A subarachnoid hemorrhage (SAH) due to the rupture of a cerebral aneurysm (CA) is a devastating event associated with high rates of mortality. Digital subtraction angiography (DSA) combined with post-processing techniques remains to be the gold standard for detecting and evaluating CAs [1, 2]. However, risks include vascular injury, contrast nephrotoxicity, exposure to ionizing radiation and an overall 0.2% risk of transient and permanent neurological complications . Therefore, as a noninvasive technique, magnetic resonance angiography (MRA) is typically used initially. Although numerous studies have proved that 3D time-of-flight MRA (3D-TOF-MRA) is an effective technique in the detection and characterization of CAs [4, 5], disadvantages including long acquisition time, small FOV and flow related artifact remain the problem. The 4D time-resolved MRA with keyhole (4D-TRAK) and a combination of sensitivity encoding (SENSE) and CE timing robust angiography (CENTRA) k-space sampling has demonstrated its wide clinical potential in the characterization of hemodialysis shunts, pulmonary vascular pathologies and cerebral arteriovenous malformations (AVMs) [6–9]. The clinical potential in CAs of this combination of such image acceleration methods includes: 1) better characterization of the morphology of larger CAs better due to its reduced flow related artifact; 2) preoperative assessment of endovascular therapy of CAs by mimicking DSA because of its high spatial and temporal resolution at a larger FOV; 3) fewer motion artifacts as a consequence of the shortened acquisition time for patients with acute aneurysmal SAH. The purpose of our study was to evaluate the feasibility of 4D-TRAK for the diagnostic accuracy and reliability of the detection and characterization of CAs, with a comparison of 3D-TOF-MRA by using DSA as a reference and to discuss their respective advantages and disadvantages.

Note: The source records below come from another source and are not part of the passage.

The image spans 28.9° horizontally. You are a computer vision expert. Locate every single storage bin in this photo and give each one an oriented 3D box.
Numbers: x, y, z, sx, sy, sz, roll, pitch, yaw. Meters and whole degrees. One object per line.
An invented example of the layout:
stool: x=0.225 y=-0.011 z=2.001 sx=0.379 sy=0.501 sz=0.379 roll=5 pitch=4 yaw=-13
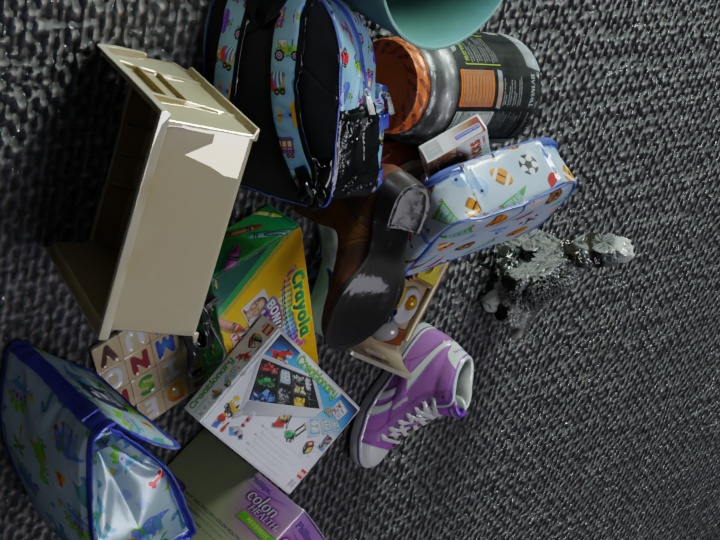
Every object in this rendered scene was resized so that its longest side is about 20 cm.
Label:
storage bin: x=-0.189 y=-0.071 z=1.213 sx=0.093 sy=0.199 sz=0.201 roll=7 pitch=111 yaw=-31

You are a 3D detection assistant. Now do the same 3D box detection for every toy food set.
toy food set: x=0.065 y=0.024 z=1.665 sx=0.143 sy=0.060 sz=0.201 roll=26 pitch=92 yaw=-53

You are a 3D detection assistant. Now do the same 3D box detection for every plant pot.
plant pot: x=0.035 y=-0.326 z=1.300 sx=0.200 sy=0.161 sz=0.202 roll=-27 pitch=132 yaw=-35

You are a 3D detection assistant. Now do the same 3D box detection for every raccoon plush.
raccoon plush: x=0.253 y=0.028 z=1.798 sx=0.134 sy=0.198 sz=0.097 roll=75 pitch=26 yaw=-45

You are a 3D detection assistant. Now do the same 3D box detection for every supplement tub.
supplement tub: x=0.091 y=-0.196 z=1.492 sx=0.199 sy=0.122 sz=0.123 roll=-5 pitch=120 yaw=-46

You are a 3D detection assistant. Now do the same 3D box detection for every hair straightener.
hair straightener: x=-0.175 y=0.033 z=1.383 sx=0.041 sy=0.077 sz=0.201 roll=-32 pitch=131 yaw=-31

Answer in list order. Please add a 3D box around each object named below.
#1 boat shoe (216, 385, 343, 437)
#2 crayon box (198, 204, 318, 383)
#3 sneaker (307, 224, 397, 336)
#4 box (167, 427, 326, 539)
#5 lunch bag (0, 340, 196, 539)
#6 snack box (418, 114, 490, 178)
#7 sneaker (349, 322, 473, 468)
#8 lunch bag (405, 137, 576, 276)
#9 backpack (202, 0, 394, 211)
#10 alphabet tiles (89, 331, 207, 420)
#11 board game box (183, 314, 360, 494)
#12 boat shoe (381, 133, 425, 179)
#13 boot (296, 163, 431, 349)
boat shoe: x=-0.089 y=0.177 z=1.583 sx=0.199 sy=0.072 sz=0.073 roll=-6 pitch=90 yaw=-53
crayon box: x=-0.114 y=0.045 z=1.475 sx=0.118 sy=0.058 sz=0.201 roll=-32 pitch=136 yaw=-29
sneaker: x=0.000 y=0.001 z=1.536 sx=0.080 sy=0.115 sz=0.201 roll=-2 pitch=117 yaw=-48
box: x=-0.168 y=0.307 z=1.516 sx=0.200 sy=0.176 sz=0.097 roll=-46 pitch=141 yaw=-15
lunch bag: x=-0.258 y=0.173 z=1.325 sx=0.127 sy=0.170 sz=0.201 roll=-37 pitch=137 yaw=-24
snack box: x=0.107 y=-0.109 z=1.515 sx=0.072 sy=0.024 sz=0.200 roll=-30 pitch=163 yaw=0
sneaker: x=0.068 y=0.176 z=1.740 sx=0.072 sy=0.114 sz=0.201 roll=17 pitch=104 yaw=-53
lunch bag: x=0.122 y=-0.065 z=1.496 sx=0.199 sy=0.076 sz=0.160 roll=-17 pitch=164 yaw=-30
backpack: x=-0.061 y=-0.173 z=1.304 sx=0.134 sy=0.182 sz=0.202 roll=-18 pitch=117 yaw=-50
alphabet tiles: x=-0.191 y=0.069 z=1.461 sx=0.199 sy=0.008 sz=0.168 roll=-33 pitch=137 yaw=-29
board game box: x=-0.090 y=0.148 z=1.496 sx=0.126 sy=0.035 sz=0.200 roll=-49 pitch=140 yaw=-8
boat shoe: x=0.065 y=-0.120 z=1.561 sx=0.071 sy=0.063 sz=0.200 roll=-50 pitch=160 yaw=22
boot: x=-0.026 y=-0.037 z=1.421 sx=0.068 sy=0.200 sz=0.190 roll=10 pitch=104 yaw=-33

From June 2008 to February 2010, 52 patients with suspected CAs (20 men, 32 women; age range 31–78 years) were finally enrolled into our study and 6 of them were with acute SAH detected by CT scan. 3D-TOF-MRA, 4D-TRAK and 3D-DSA were performed sequentially to detect the CA occurrence. The study was conducted in accordance with the recommendations of the Declaration of Helsinki, and was approved by the ethics committees in the hospitals. All patients gave written informed consent. Exclusion criteria included age below 18 years, contraindications to MRA examination (e.g. pacemakers, metallic implants), known intolerance to gadolinium contrast agents, with stage 5 CKD (Chronic Kidney Disease, effective glomerular filtration rate<15 ml/min/1.73 m ) or on dialysis, no informed consent from patient or qualifying family members, poor neurological condition (GCS < 12), without DSA information acquired contemporaneously or having undergone MRA after a coiling procedure.

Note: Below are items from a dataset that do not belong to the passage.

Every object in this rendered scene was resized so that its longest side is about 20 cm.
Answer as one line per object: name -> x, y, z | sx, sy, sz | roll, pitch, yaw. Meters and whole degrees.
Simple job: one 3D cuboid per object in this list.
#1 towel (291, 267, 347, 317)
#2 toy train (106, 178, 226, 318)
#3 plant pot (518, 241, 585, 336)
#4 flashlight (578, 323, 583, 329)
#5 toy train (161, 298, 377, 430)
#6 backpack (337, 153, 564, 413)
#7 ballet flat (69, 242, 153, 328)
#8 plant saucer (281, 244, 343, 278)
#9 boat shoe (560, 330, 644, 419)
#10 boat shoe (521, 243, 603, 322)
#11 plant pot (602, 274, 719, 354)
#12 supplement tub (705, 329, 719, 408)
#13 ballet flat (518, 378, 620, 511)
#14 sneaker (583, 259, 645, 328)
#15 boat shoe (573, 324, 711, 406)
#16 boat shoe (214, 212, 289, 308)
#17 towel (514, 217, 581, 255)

All MRA examinations were performed on a 3.0 T system (Achieva X-Series, Philips Healthcare, The Netherlands) with a Sense-Head-8 receiver head coil. 3D-TOF-MRA was conducted using a 3D-T1-FFE sequence with TR/TE, 35/7; flip angle, 20°; field-of-view (FOV), 250 × 190 × 108; four slabs (180 slices); slice thickness, 0.8 mm; matrix, 732 × 1024; and acquisition time, 8 min 56 s. We used the 4D-TRAK technique combined with CENTRA k-space sampling and sensitivity encoding (SENSE) to accelerate the image acquisition. 4D-TRAK was acquired using the CENTRA keyhole method with 20% in the sagittal plane. A central space is randomly filled during the whole passage of the contrast bolus over time and the periphery of k-space was collected in the reference dataset at the end of the acquisition. Sensitivity encoding (SENSE) was used with an acceleration factor (AF) of 4 in the phase-encoding direction and an AF of 2 in the slice-encoding direction yielding a total AF of 8. The acquisition parameters of the 4D-TRAK technique were as follows: 3D-T1-GE sequence with TR/TE, 3.1/1.2; flip angle, 25°; FOV, 230 × 190 × 108; four slabs (273 slices); slice thickness, 0.8 mm; matrix, 201 × 320; and acquisition time, 40 s (reference scanning time, 12 s; 2 s per phase for 14 phases in total). The 4D-TRAK sequence was started immediately after the start of the injection. A 10-ml bolus of gadopentetate dimeglumine (Gd-DTPA, Magnevist, Bayer-Schering, Germany) was administered at 3 ml/s and followed by a 20 ml saline injection using a dual-barrel power injection machine at the same rate.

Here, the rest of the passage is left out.